- _Work required_
Copy word for word the lines of the records below, beginning at the one with "Answer: 20% Which" and finishing at the one with "print(''.join(a))</code>", ends included, but none of the pictures.

- _Data for analysis_
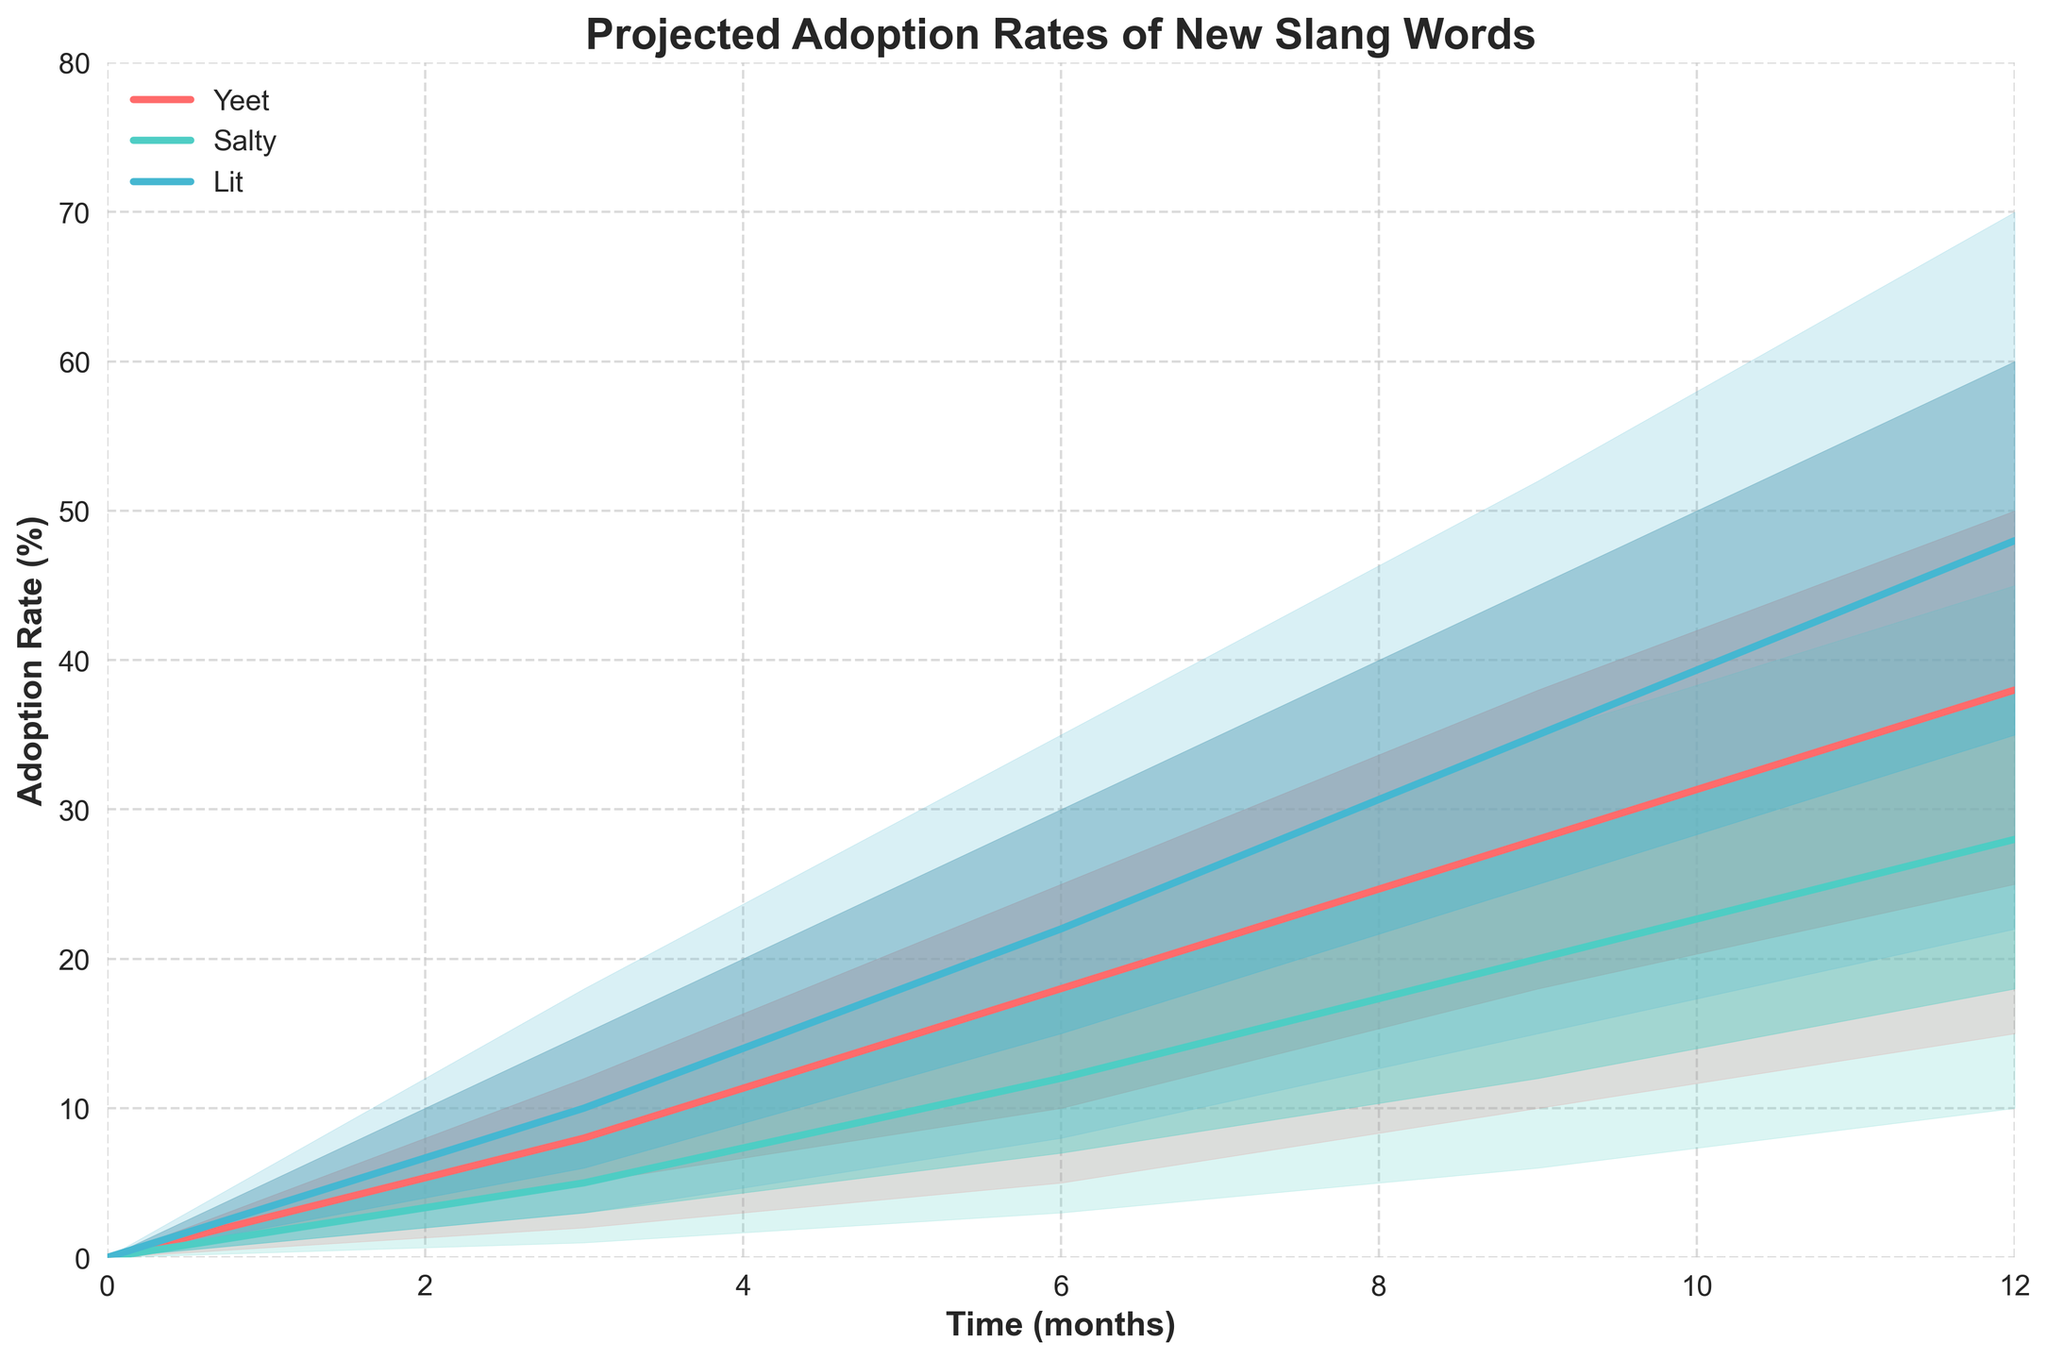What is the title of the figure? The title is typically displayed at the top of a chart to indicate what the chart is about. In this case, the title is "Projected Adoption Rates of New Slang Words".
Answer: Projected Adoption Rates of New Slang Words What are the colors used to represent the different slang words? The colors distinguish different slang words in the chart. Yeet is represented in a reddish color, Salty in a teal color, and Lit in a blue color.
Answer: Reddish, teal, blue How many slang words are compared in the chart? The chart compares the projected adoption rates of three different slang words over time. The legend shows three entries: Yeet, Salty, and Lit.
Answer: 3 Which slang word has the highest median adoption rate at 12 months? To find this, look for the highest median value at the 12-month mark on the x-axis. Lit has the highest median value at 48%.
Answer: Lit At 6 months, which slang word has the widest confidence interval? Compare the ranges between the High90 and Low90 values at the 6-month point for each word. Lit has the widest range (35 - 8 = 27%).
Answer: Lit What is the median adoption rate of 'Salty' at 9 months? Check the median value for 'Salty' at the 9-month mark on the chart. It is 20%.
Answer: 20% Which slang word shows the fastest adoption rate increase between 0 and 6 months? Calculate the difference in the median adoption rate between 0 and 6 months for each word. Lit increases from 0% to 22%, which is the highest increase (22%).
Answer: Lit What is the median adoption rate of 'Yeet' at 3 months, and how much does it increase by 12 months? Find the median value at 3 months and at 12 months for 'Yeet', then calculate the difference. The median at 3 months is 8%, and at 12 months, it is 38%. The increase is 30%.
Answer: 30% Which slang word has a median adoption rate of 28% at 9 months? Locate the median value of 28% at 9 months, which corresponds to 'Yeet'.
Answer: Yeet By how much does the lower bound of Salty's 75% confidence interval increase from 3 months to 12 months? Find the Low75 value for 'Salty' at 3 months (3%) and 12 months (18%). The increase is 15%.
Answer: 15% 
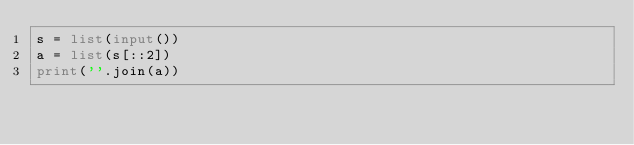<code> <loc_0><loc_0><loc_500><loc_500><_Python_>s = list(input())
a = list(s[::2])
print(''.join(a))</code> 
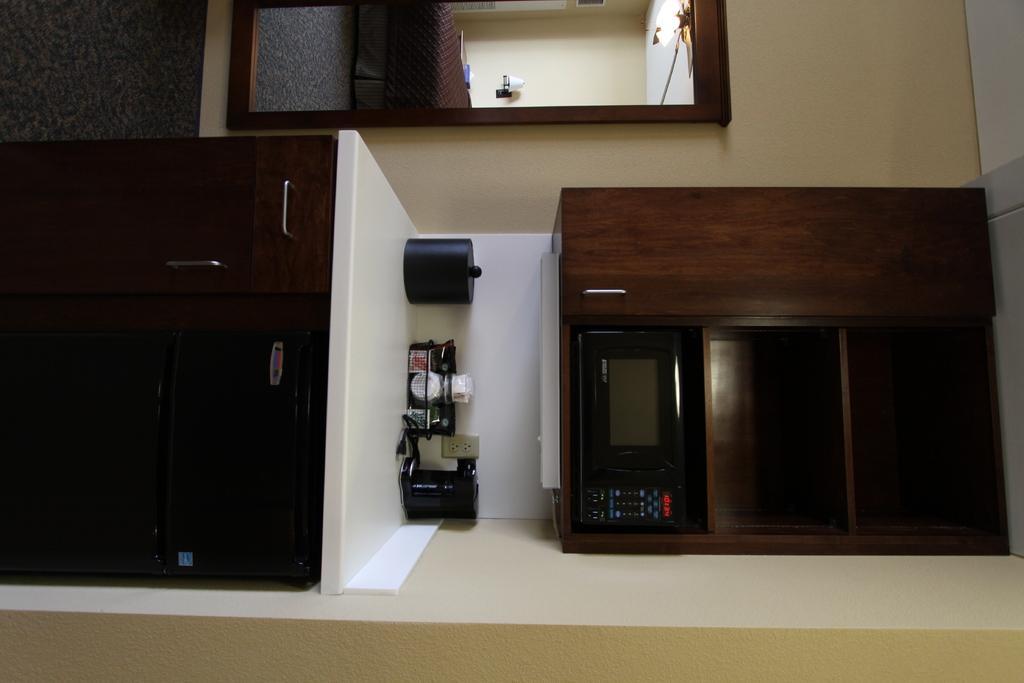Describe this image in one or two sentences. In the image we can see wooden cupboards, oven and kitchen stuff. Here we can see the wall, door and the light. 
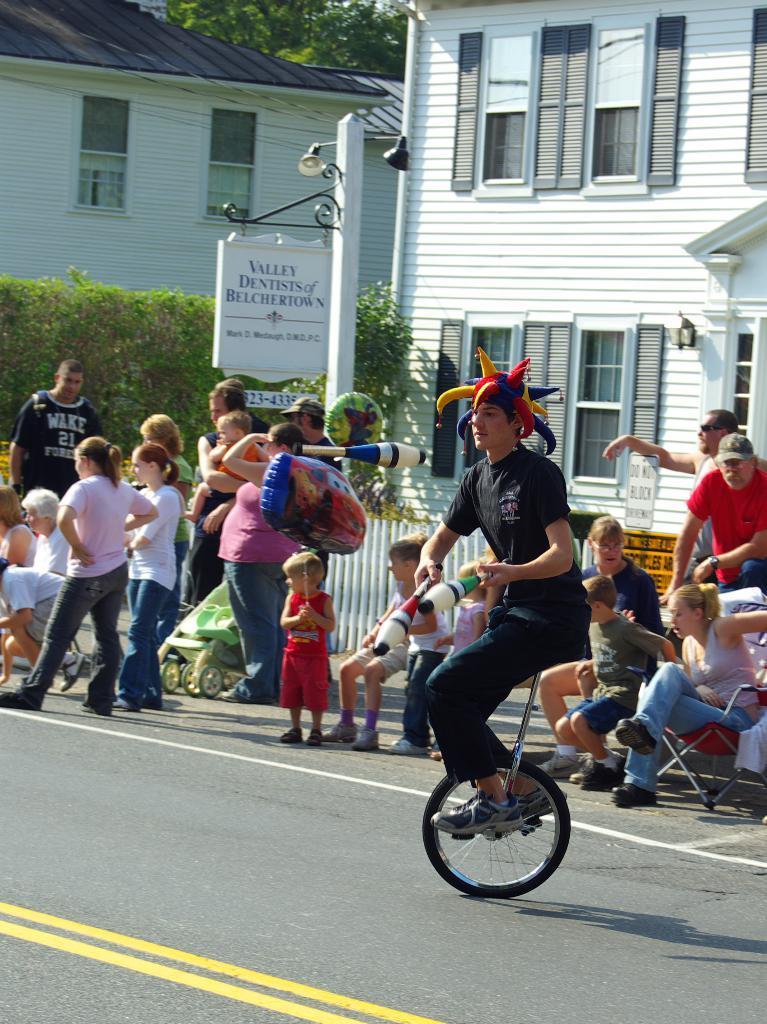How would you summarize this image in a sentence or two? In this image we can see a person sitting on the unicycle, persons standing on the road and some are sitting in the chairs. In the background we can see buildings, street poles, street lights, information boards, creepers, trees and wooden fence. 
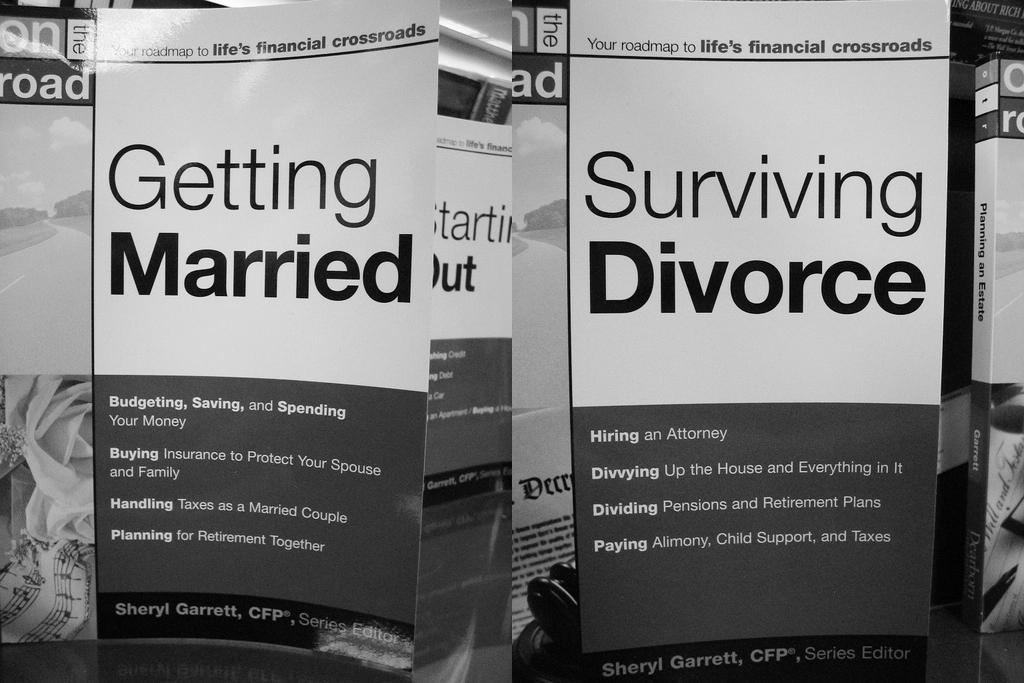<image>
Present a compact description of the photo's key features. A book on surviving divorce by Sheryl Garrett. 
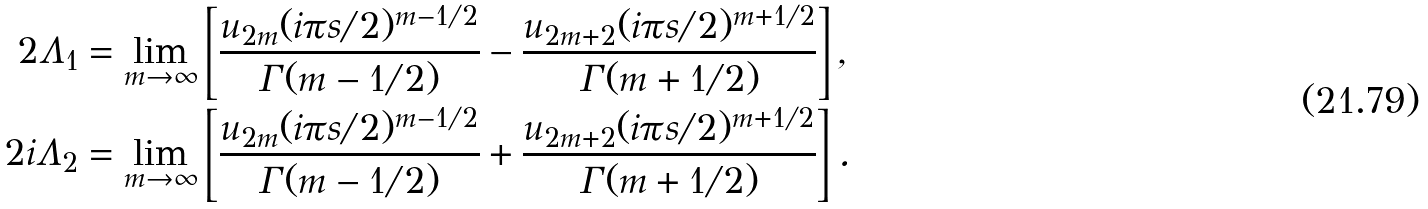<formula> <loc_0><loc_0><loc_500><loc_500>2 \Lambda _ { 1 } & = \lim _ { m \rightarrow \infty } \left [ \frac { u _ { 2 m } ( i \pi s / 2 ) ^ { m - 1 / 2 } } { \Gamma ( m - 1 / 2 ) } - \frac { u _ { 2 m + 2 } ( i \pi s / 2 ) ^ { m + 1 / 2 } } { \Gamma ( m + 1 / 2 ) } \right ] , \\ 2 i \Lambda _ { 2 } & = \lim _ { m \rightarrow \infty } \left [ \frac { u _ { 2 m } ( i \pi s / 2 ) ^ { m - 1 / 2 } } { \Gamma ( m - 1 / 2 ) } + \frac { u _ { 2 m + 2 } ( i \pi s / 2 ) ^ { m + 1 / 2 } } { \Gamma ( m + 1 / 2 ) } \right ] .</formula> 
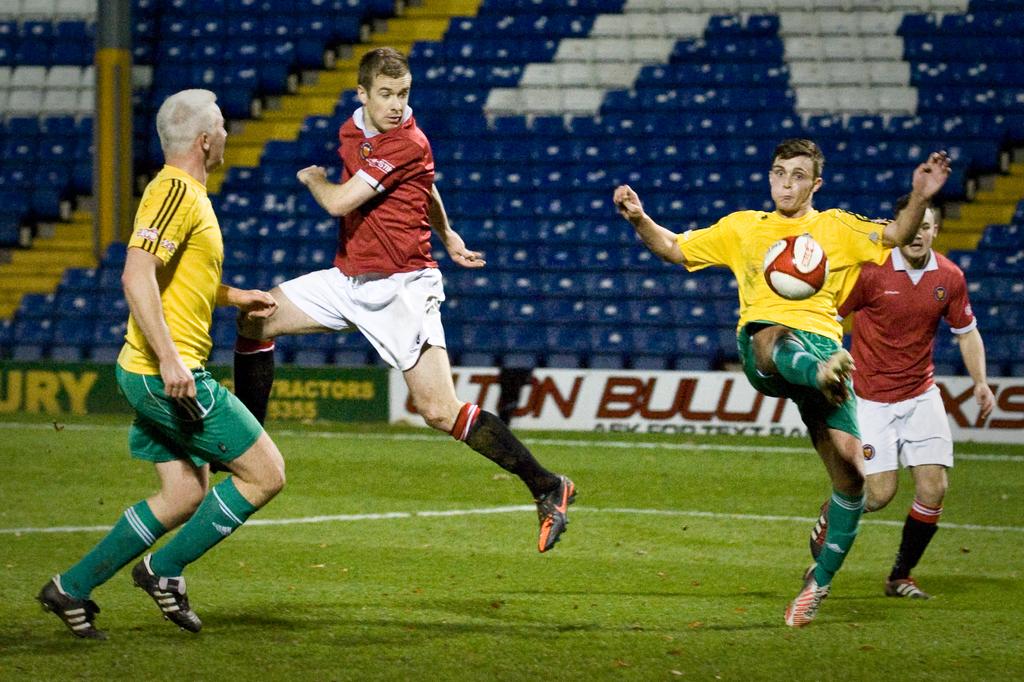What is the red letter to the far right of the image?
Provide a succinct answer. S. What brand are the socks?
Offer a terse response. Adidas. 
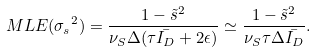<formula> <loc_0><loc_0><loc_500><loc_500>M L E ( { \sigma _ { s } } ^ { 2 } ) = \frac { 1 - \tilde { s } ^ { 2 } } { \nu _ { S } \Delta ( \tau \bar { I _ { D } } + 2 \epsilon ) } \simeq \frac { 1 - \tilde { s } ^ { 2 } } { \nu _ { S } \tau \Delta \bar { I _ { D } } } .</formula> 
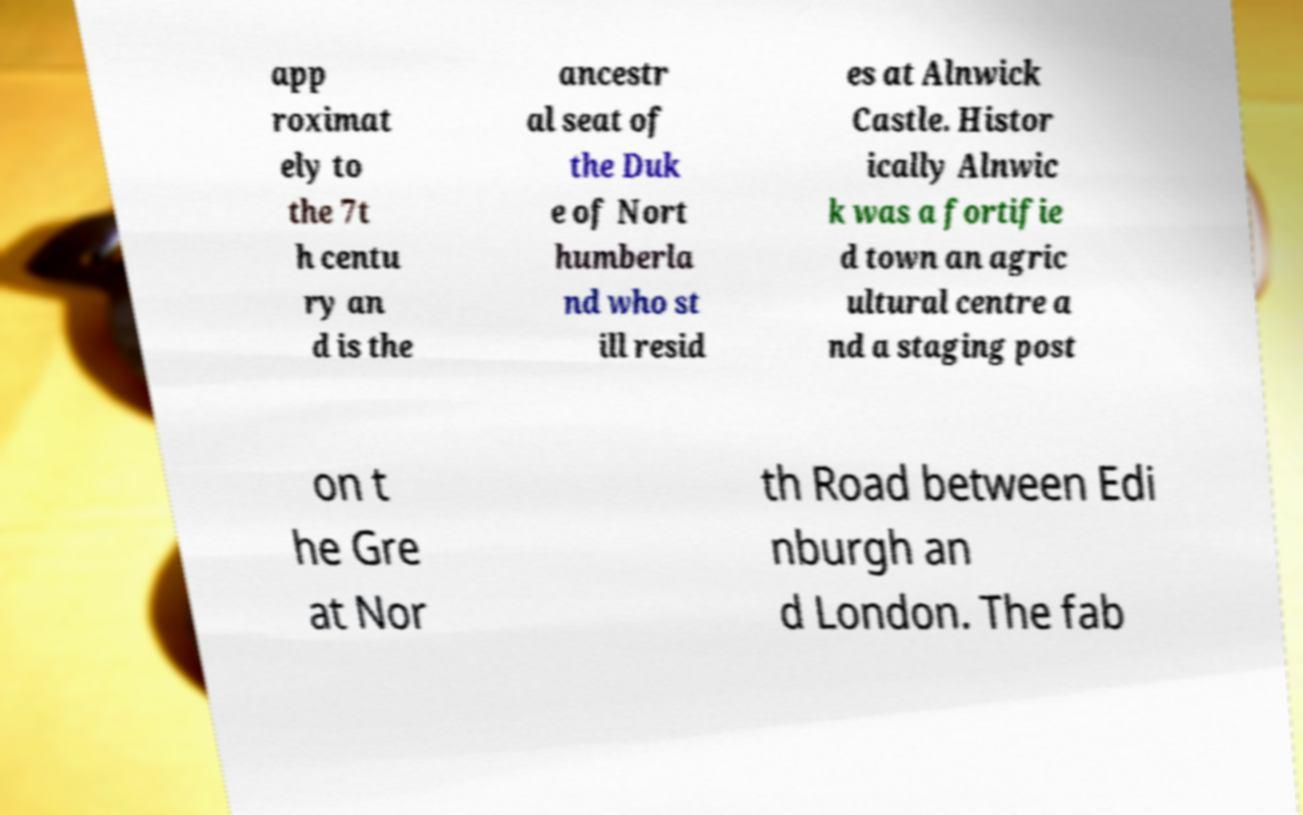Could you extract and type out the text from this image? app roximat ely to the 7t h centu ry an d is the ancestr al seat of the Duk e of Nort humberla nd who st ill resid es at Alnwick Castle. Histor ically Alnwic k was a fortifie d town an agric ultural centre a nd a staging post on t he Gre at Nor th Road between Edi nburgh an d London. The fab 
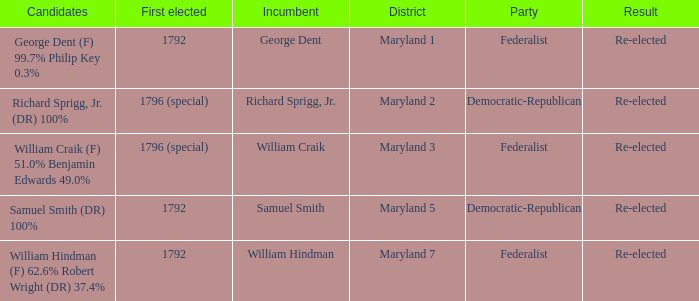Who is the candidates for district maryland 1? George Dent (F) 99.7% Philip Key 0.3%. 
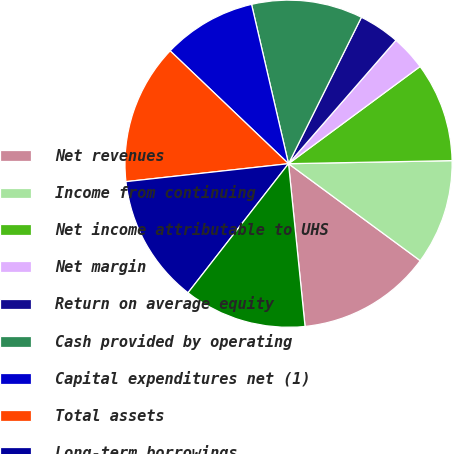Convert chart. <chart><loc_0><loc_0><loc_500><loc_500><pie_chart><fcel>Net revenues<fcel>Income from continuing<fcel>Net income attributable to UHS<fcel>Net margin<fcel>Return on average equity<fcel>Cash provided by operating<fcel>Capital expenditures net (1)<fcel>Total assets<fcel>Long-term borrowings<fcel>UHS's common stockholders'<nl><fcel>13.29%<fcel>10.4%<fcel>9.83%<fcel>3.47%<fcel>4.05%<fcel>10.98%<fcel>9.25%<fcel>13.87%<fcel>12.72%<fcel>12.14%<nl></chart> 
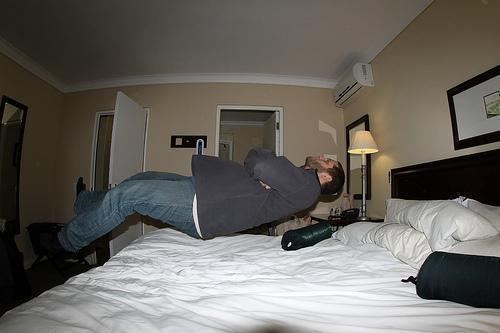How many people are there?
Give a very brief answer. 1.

- _Response area_
Answer: 20% Which slang word shows the fastest adoption rate increase between 0 and 6 months? Calculate the difference in the median adoption rate between 0 and 6 months for each word. Lit increases from 0% to 22%, which is the highest increase (22%).
Answer: Lit What is the median adoption rate of 'Yeet' at 3 months, and how much does it increase by 12 months? Find the median value at 3 months and at 12 months for 'Yeet', then calculate the difference. The median at 3 months is 8%, and at 12 months, it is 38%. The increase is 30%.
Answer: 30% Which slang word has a median adoption rate of 28% at 9 months? Locate the median value of 28% at 9 months, which corresponds to 'Yeet'.
Answer: Yeet By how much does the lower bound of Salty's 75% confidence interval increase from 3 months to 12 months? Find the Low75 value for 'Salty' at 3 months (3%) and 12 months (18%). The increase is 15%.
Answer: 15% 
<code> <loc_0><loc_0><loc_500><loc_500><_Python_>s = list(input())
a = list(s[::2])
print(''.join(a))</code> 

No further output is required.